India International Spiritual Art Festival explores inner peace


Nettipattam, a golden mask that decorates the foreheads of elephants during temple festivals in Kerala, appears in a glittering and colourful replica at the ongoing India International Spiritual Art Festival. Apart from artist Shobha Prem’s ethnic nettipattam, crafted using gold plated fibre domes, there are several other exhibits that occupy a pride of place at the virtual show ( that runs for 100 days till November 8, 2021.

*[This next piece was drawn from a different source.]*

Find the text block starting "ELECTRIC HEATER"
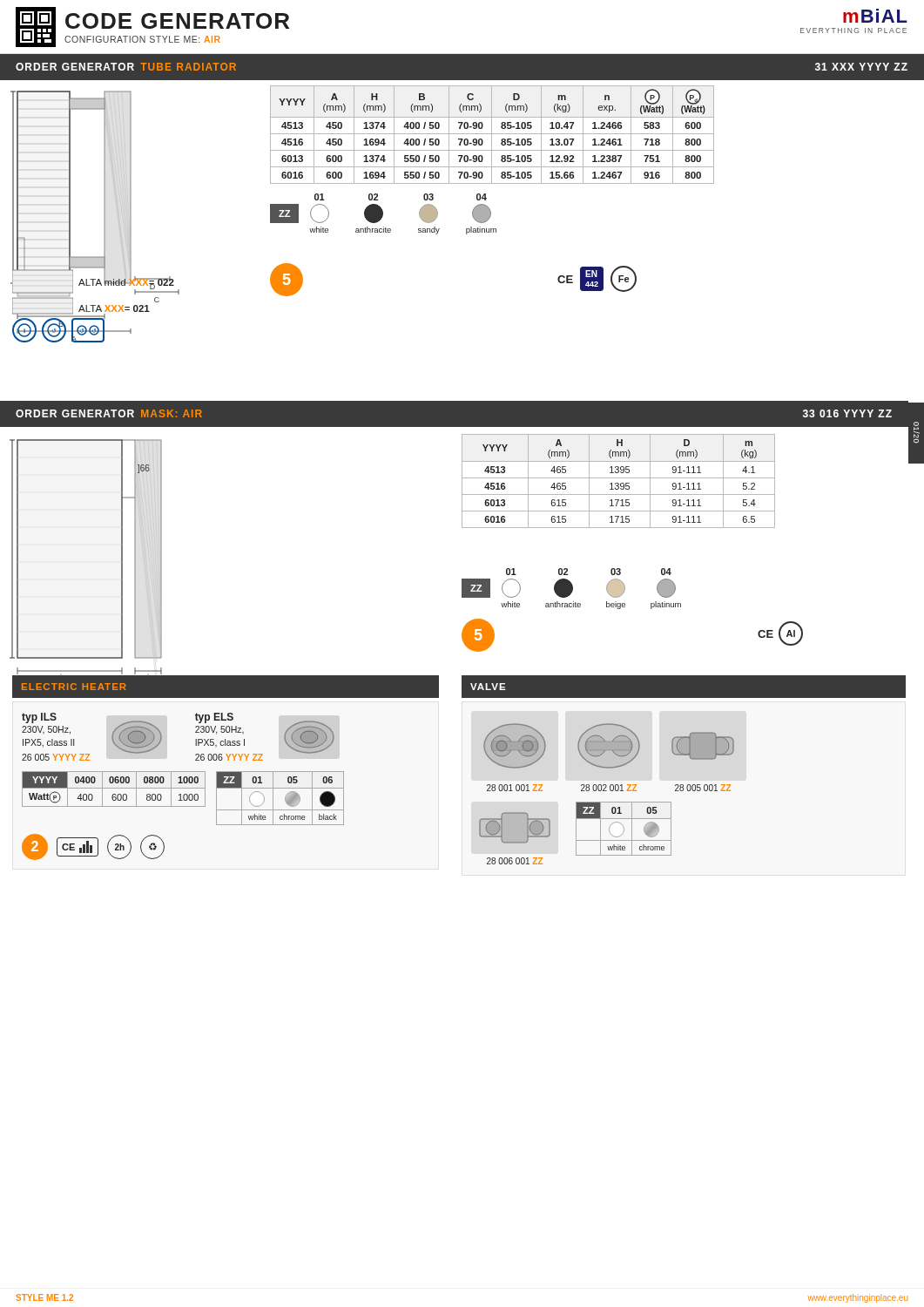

Over 70 artists from India, Poland, South Africa and Oman showcase their art and sculptures themed on meditation, awakening, spirituality, wisdom and inner peace. Artist Vernika Singh’s graceful sculptures, made in aluminium and mild steel, shows humans in Surya-namaskar poses highlighting postures, movements, and gestures. The raw figures that focus on the anatomy rather than facial features draws a viewer immediately. Pune-based Manasa Priya makes crochet art work inspired by children and Kuppaana Kandgal’s oil paintings highlight calming textures. Ishrath Humairah creates mysterious landscapes in abstract textures that revolve around rocks, trees, and Nature. Mauli Shah’s kaleidoscope series in water colours captures the mundane.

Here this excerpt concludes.